Why has it taken until now for us to reach this point? One thing that has held the open data movement back in recent years is the concern that while increased transparency is widely accepted to be good for science generally, some are concerned that sharing data might have career risks for researchers individually. These concerns have been articulated very well in The Kitchen previously and include the lack of citability of data, fear of getting scooped, and the desire to get proper credit for work done.
For some time now, some researchers, like the ones in this article in Science magazine, have actively advocated for data sharing. These pioneers of open data claim that while there are risks, on balance, the benefits outweigh them. According to the Knowledge Exchange report Sowing the seed: Incentives and motivations for sharing research data, a researcher’s perspective, which is based on interviews with academics, many researchers see data sharing as an important strategy to make their research and research group more visible. More quantitatively, Piowowar et al., found a 69% increase in citations for microarray cancer clinical trial data when the data was made freely available. In order to explore these issues further, Digital Science recently organized the first in a series of open data spotlight events for researchers. Nicko Goncharoff wrote a summary of the event in Research Information. One theme of the meeting was the need for a shift in the way that we value research output to give greater credit to data. On the other hand, there was also a lot of talk about the benefit to science of sharing data, and the ways in which it can benefit researchers directly, often in unexpected ways with other researchers applying techniques and ideas that the originating lab hadn’t imagined.

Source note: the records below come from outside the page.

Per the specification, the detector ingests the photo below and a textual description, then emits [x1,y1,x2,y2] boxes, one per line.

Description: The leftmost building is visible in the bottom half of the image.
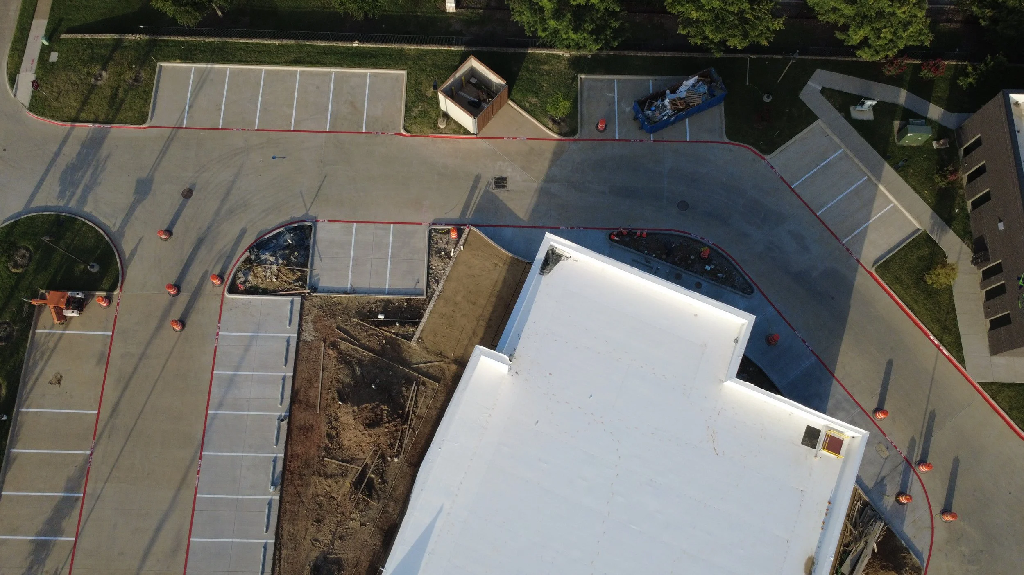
[370,233,868,575]
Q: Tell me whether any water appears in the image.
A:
No
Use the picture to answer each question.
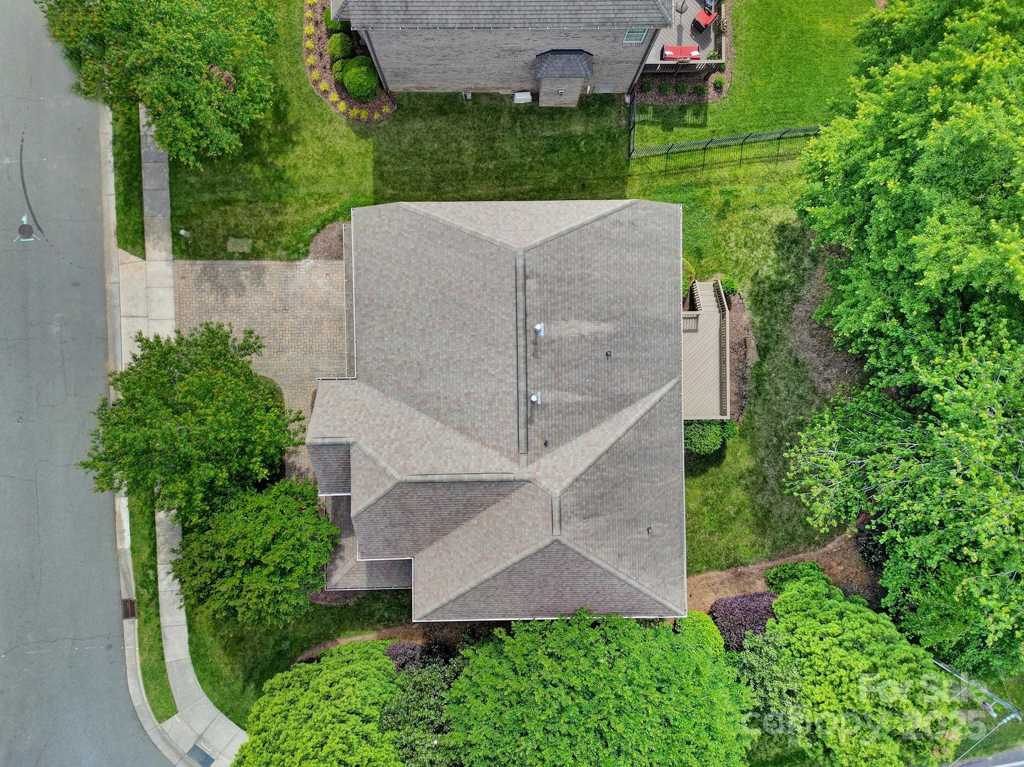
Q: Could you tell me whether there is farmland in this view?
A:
No
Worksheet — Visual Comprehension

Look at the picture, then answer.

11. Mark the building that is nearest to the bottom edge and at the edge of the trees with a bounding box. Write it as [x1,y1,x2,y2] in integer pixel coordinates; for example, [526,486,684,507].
[307,198,689,623]
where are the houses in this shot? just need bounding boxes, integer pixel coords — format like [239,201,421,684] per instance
[329,0,676,106]
[307,198,689,623]

Last November, Alice Meadows wrote an excellent post based on Wiley’s data sharing survey of some 90,000 researchers in which she noted that a significant number are concerned that giving away their data might either cause them to be scooped, lead to them not getting adequate recognition, or have their work undermined. On the other hand, in that same post, Alice noted that 53% or researchers globally now do share their data. We’ve been hearing for a while now about the theoretical risks and benefits of data sharing, but the proof of the pudding, as they say, is in the eating. With just over half of researchers sharing data, either because they find it to be beneficial, or because their funders asked them to, again, it looks like we’re at a tipping point.
But what about the minority of researchers that aren’t ready to share data? If we’re going to address the understandable concerns that some researchers have and not simply ride roughshod over them, or end up with a significant minority of researchers that refuse to comply with data sharing mandates, we’re going to have to make sure that their concerns are addressed. Returning to the appointment of the White House Chief Data Scientist, part of Patil’s new job is to work with agencies to define best practices for data sharing. During his memorandum to the American people, he expressed a desire to…
position ourselves for the next wave of innovation and … for everyone to benefit holistically, and I want to emphasize that everyone benefit holistically
Perhaps, part of the thinking here is that if the US is to avoid falling behind in the race towards open data, the government and the funding agencies must shape their mandates in such a way as to mitigate the concerns of individual researchers, maximize the benefits, and apply adequate consequences for noncompliance. It will be interesting to see what comes out of this during the next year or so but one thing’s for sure: the growing need to support open data isn’t going away anytime soon.